Applied Machine Learning
Implementing fundamental machine learning algorithms
Below is summarized six small projects completed as part of a machine learning course with EPFL. Each project focuses on implementing a fundamental algorithm or technique in machine learning, and for this course, the implementations were evaluated in MATLAB.
1. Principal Component Analysis (PCA)
- Objective: Implement PCA for dimensionality reduction and apply it to real-world datasets.
- Applications:
- Dimensionality reduction on the Fisher-Iris dataset.
- Image compression.
- Key Features:
- Covariance matrix calculation and eigenvalue decomposition.
- Projection to lower-dimensional spaces and data reconstruction.
- Explained variance analysis for optimal component selection.
2. K-Means Clustering
- Objective: Implement and evaluate the K-Means clustering algorithm.
- Applications:
- Clustering a high-dimensional dataset.
- Developing a recommendation system.
- Key Features:
- Centroid initialization and assignment.
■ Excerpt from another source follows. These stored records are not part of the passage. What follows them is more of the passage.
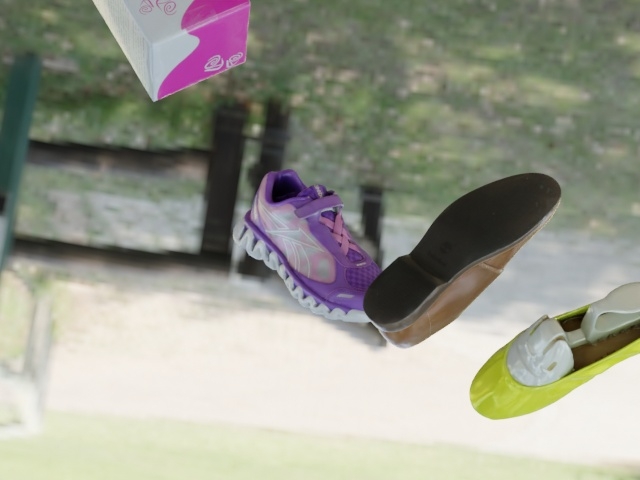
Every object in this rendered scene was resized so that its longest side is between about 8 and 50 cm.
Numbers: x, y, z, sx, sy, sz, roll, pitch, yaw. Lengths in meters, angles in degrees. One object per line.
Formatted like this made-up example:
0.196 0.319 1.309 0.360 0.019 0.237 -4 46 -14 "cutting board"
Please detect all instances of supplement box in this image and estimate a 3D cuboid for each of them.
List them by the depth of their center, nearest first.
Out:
-0.170 -0.269 1.689 0.111 0.220 0.114 -25 157 -16 "supplement box"

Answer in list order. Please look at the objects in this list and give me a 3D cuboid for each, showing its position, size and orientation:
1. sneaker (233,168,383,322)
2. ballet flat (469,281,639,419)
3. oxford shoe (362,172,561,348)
0.000 0.000 1.787 0.095 0.105 0.236 -7 -146 -42 "sneaker"
0.233 0.085 1.504 0.231 0.077 0.077 -24 148 3 "ballet flat"
0.134 0.018 1.533 0.076 0.212 0.076 49 175 40 "oxford shoe"
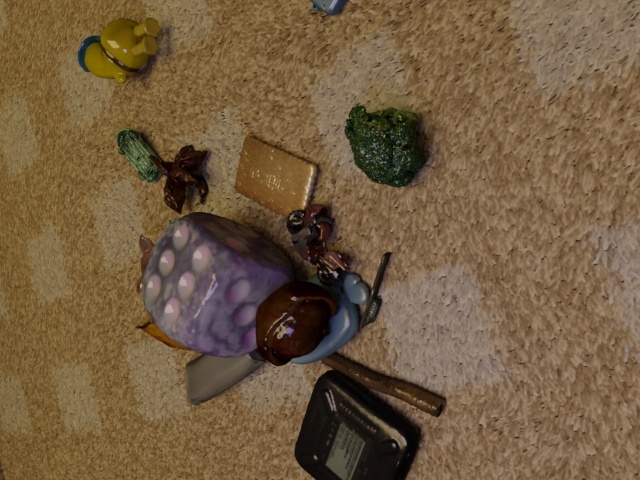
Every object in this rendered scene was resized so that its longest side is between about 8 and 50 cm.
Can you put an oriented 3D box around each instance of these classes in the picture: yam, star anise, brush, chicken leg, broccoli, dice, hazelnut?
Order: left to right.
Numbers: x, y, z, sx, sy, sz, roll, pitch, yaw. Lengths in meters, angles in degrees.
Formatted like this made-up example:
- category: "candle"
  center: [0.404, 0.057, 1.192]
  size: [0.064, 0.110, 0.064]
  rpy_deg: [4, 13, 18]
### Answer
- category: "star anise"
  center: [-0.398, -0.175, 1.787]
  size: [0.212, 0.111, 0.196]
  rpy_deg: [-6, 85, 42]
- category: "chicken leg"
  center: [-0.333, -0.145, 1.803]
  size: [0.036, 0.021, 0.083]
  rpy_deg: [-19, 81, 31]
- category: "dice"
  center: [-0.248, 0.105, 1.574]
  size: [0.270, 0.271, 0.270]
  rpy_deg: [40, 105, 40]
- category: "hazelnut"
  center: [-0.058, 0.180, 1.455]
  size: [0.202, 0.170, 0.160]
  rpy_deg: [-40, 75, 27]
- category: "brush"
  center: [0.131, 0.117, 1.465]
  size: [0.028, 0.034, 0.190]
  rpy_deg: [24, 110, 23]
- category: "yam"
  center: [0.133, 0.323, 1.482]
  size: [0.327, 0.045, 0.045]
  rpy_deg: [18, 72, 36]
- category: "broccoli"
  center: [0.135, -0.200, 1.353]
  size: [0.195, 0.195, 0.156]
  rpy_deg: [8, 66, 37]

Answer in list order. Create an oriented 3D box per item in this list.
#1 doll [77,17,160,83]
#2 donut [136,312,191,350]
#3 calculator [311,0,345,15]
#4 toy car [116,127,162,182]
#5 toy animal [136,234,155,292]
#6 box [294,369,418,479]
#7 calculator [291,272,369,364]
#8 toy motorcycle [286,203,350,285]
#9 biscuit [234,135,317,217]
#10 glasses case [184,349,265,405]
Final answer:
- category: "doll"
  center: [-0.603, -0.549, 1.889]
  size: [0.363, 0.145, 0.199]
  rpy_deg: [-5, 78, 42]
- category: "donut"
  center: [-0.394, 0.243, 1.824]
  size: [0.259, 0.101, 0.152]
  rpy_deg: [-19, 125, 42]
- category: "calculator"
  center: [0.038, -0.608, 1.444]
  size: [0.121, 0.039, 0.210]
  rpy_deg: [51, 123, 24]
- category: "toy car"
  center: [-0.537, -0.260, 1.925]
  size: [0.186, 0.058, 0.093]
  rpy_deg: [50, 122, 8]
- category: "toy animal"
  center: [-0.396, 0.077, 1.810]
  size: [0.248, 0.149, 0.165]
  rpy_deg: [2, 82, 27]
- category: "box"
  center: [0.073, 0.490, 1.524]
  size: [0.289, 0.073, 0.290]
  rpy_deg: [32, 119, 30]
- category: "calculator"
  center: [-0.004, 0.183, 1.556]
  size: [0.303, 0.042, 0.188]
  rpy_deg: [-42, 61, 30]
- category: "toy motorcycle"
  center: [0.000, 0.000, 1.512]
  size: [0.118, 0.084, 0.212]
  rpy_deg: [-42, 68, 25]
- category: "biscuit"
  center: [-0.116, -0.156, 1.625]
  size: [0.250, 0.030, 0.160]
  rpy_deg: [26, 112, 33]
- category: "glasses case"
  center: [-0.268, 0.343, 1.775]
  size: [0.308, 0.083, 0.128]
  rpy_deg: [-37, 67, 35]

- Metrics such as RSS, AIC, and BIC for model evaluation.
- Visualization of cluster boundaries and optimization of the number of clusters.
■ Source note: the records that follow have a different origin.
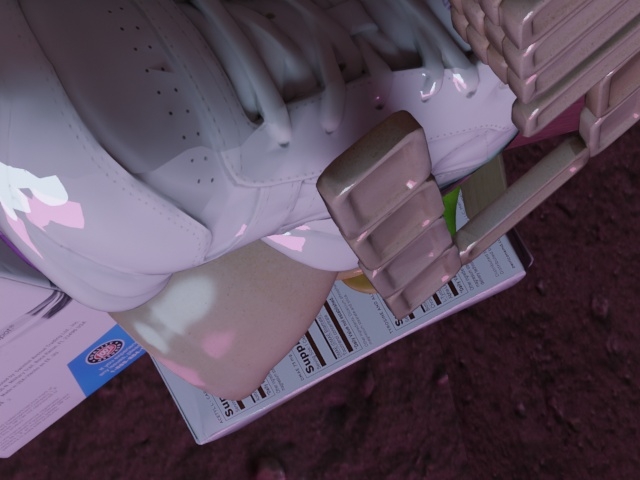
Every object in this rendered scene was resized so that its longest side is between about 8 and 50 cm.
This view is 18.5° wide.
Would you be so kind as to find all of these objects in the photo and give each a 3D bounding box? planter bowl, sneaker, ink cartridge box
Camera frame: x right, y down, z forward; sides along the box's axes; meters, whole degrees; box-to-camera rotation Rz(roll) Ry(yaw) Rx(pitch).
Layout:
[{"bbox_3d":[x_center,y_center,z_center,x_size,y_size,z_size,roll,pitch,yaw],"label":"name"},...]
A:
[{"bbox_3d":[-0.048,-0.021,0.930,0.109,0.162,0.162,-42,173,13],"label":"planter bowl"},{"bbox_3d":[-0.013,-0.062,0.616,0.152,0.114,0.305,-36,169,23],"label":"sneaker"},{"bbox_3d":[-0.183,0.032,0.948,0.139,0.082,0.190,-37,149,23],"label":"ink cartridge box"}]

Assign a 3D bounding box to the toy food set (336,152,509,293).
[{"bbox_3d":[0.014,-0.034,1.010,0.192,0.132,0.038,-17,160,29],"label":"toy food set"}]

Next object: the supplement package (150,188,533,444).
[{"bbox_3d":[0.000,0.000,1.143,0.203,0.149,0.194,-28,177,8],"label":"supplement package"}]

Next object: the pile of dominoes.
[{"bbox_3d":[0.076,-0.067,0.575,0.196,0.040,0.251,-40,169,-2],"label":"pile of dominoes"}]
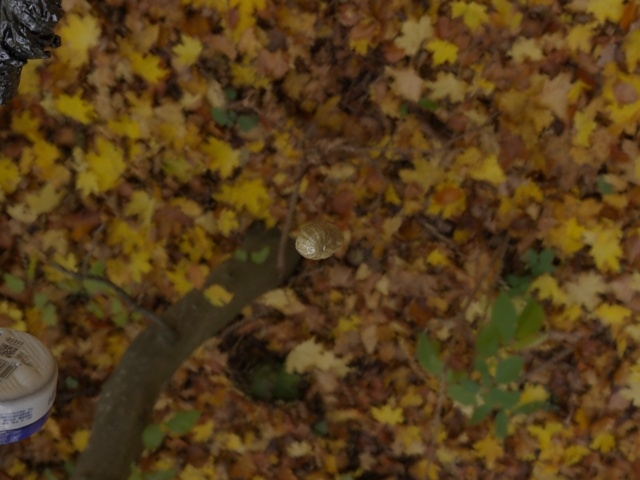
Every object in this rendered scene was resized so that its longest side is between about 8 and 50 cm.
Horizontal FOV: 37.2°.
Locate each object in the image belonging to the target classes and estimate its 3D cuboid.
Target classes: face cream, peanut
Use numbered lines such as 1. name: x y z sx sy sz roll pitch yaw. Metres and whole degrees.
1. face cream: -0.562 0.244 1.648 0.206 0.206 0.111 25 120 14
2. peanut: 0.000 0.000 1.294 0.054 0.113 0.053 2 96 19

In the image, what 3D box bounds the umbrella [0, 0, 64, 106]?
1. umbrella: -0.551 -0.322 1.686 0.154 0.128 0.336 48 123 23
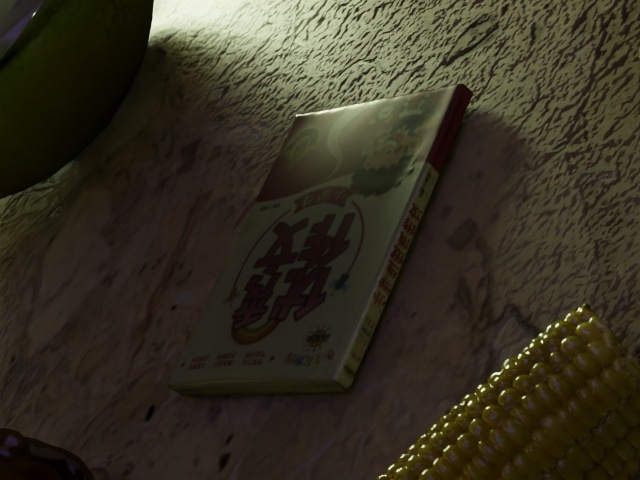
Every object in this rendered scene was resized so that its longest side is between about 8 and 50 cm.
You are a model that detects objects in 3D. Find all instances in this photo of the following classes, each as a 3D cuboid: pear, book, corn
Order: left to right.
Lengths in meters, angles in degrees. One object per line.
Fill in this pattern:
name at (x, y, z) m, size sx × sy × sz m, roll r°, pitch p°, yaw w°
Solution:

3. K-Nearest Neighbors (KNN)
- Objective: Implement KNN for classification.
- Applications:
- Testing on synthetic and real-world datasets.
- Key Features:
- Distance computation using L1, L2, and Linf norms.
- Majority voting mechanism for classification.
- Evaluation of classifier performance with accuracy metrics.
4. Gaussian Mixture Models (GMM)
- Objective: Develop the GMM algorithm using Expectation-Maximization (EM) for parameter estimation.
- Applications:
- Clustering datasets with multi-modal distributions.
- Key Features:
- Implementation of full, diagonal, and isotropic covariance matrices.
- Model evaluation using AIC and BIC metrics.
- Visualization of Gaussian components.
5. GMM Applications
- Objective: Apply GMMs to classification, resampling, and regression tasks.
- Applications:
- Multi-class classification using GMMs.
- Generating synthetic data points via resampling.
- Gaussian Mixture Regression (GMR) for non-linear regression problems.
- Key Features:
- Supervised classification with GMMs.
- Data augmentation through GMM-based resampling.
- Regression using the conditional density of GMMs.
6. Neural Networks (NN)
- Objective: Build a foundational neural network for binary classification.
- Applications:
- Training on synthetic datasets with visualization of decision boundaries.
- Key Features:
- Implementation of activation functions (Sigmoid, ReLU, Leaky ReLU).
- Weight initialization strategies for stable convergence.
- Mini-batch learning and visualization of training progress.
How to Use
- GitHub Repository here.
- Each project folder contains:
- MATLAB scripts for implementation (.m files).
- Dataset files for testing and evaluation.
- Instructions for running the code and visualizing results.